同一のネット銀行で複数口座を開設すれば、1つの管理画面から全口座の残高や取引履歴を横断的に確認でき、一元管理が容易になります。また、口座名義を「企業名+店舗名」のように設定できる銀行もあり、取引先との識別もしやすくなります。
銀行の種類と特徴を組み合わせる
都市銀行・地方銀行・ネット銀行・信用金庫は、それぞれに強みと特徴があります。
銀行の種類 | 強み・特徴 |
|---|---|
都市銀行 |
|
ネット銀行 |
|
地方銀行 信用金庫 |
|
用途別に銀行の種類を組み合わせることで、入金は都市銀行、支払いはネット銀行、納税や融資相談は地方銀行・信用金庫といったように、それぞれの弱点を補完し合う効率的な運用体制を構築できます。
複数口座の運用で生じる経費管理の課題を解消する方法

口座を分けることで資金の流れは整理されますが、それだけで経費管理のすべてが解決するわけではありません。ここでは、複数口座の運用にともなう課題と解決のアプローチを紹介します。
自社に合った経費管理システムを活用する
口座を分けると、個々の口座内の資金は整理されますが、企業全体の経費を把握するには、それぞれの口座から情報を抽出して集計する必要があります。多くの場合、この全体集計は依然として手作業に頼らざるを得ないため、ミスが発生しがちです。

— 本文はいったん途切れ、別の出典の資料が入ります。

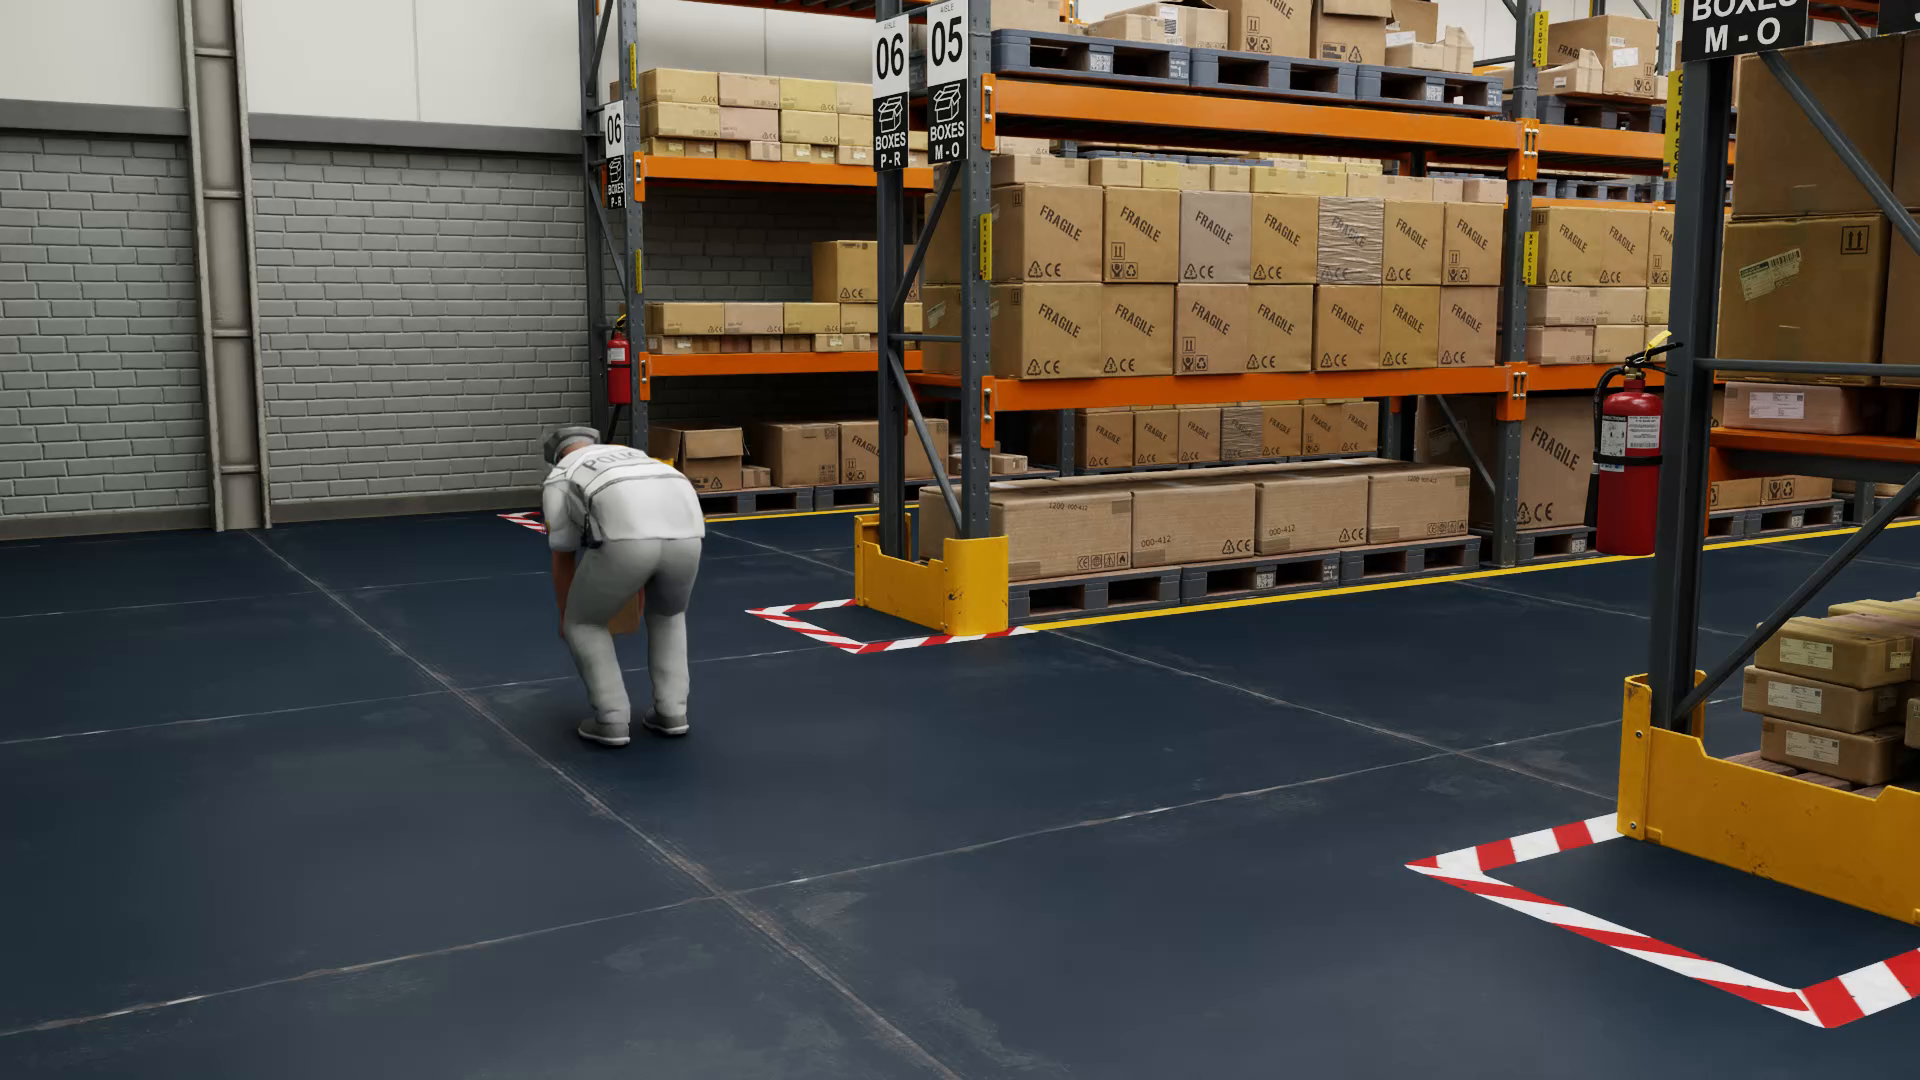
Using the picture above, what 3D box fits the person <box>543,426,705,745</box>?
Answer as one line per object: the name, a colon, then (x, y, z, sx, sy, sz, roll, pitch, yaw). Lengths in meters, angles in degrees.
person: (-1.382, 0.162, 6.659, 0.513, 1.193, 1.024, -5, 10, -33)

加えて、支払い用口座からの振込に加え、コーポレートカードでの決済や従業員による立替経費などが混在すると、支出経路が多岐にわたり、経費を一元的に把握することはさらに困難となります。
経費管理システムによる一元化
口座の使い分けはあくまで、資金の置き場所(入れ物)の整理に過ぎません。経費そのものの管理、承認フローの整備、そして仕訳業務を抜本的に効率化するには、システムによるアプローチが必要です。
自社の規模や運用形態に合った経費管理システムを導入し、複数の口座やカードと連携させることで、複数口座運用のメリットを最大化しつつ、管理の負担を最小限に抑えることが可能になります。
まとめ
法人口座を複数に分けることは、キャッシュフローの可視化、手数料コストの削減、リスク分散といった面で有効です。用途に合わせて都市銀行、ネット銀行、地方銀行などを戦略的に使い分けることが、健全な財務管理の第一歩となります。
一方で、法人口座が増えると管理の手間も増えるため、複数口座の使い分けによる利便性やコストと管理工数を比較しながら、自社にとって最適な運用を見つけましょう。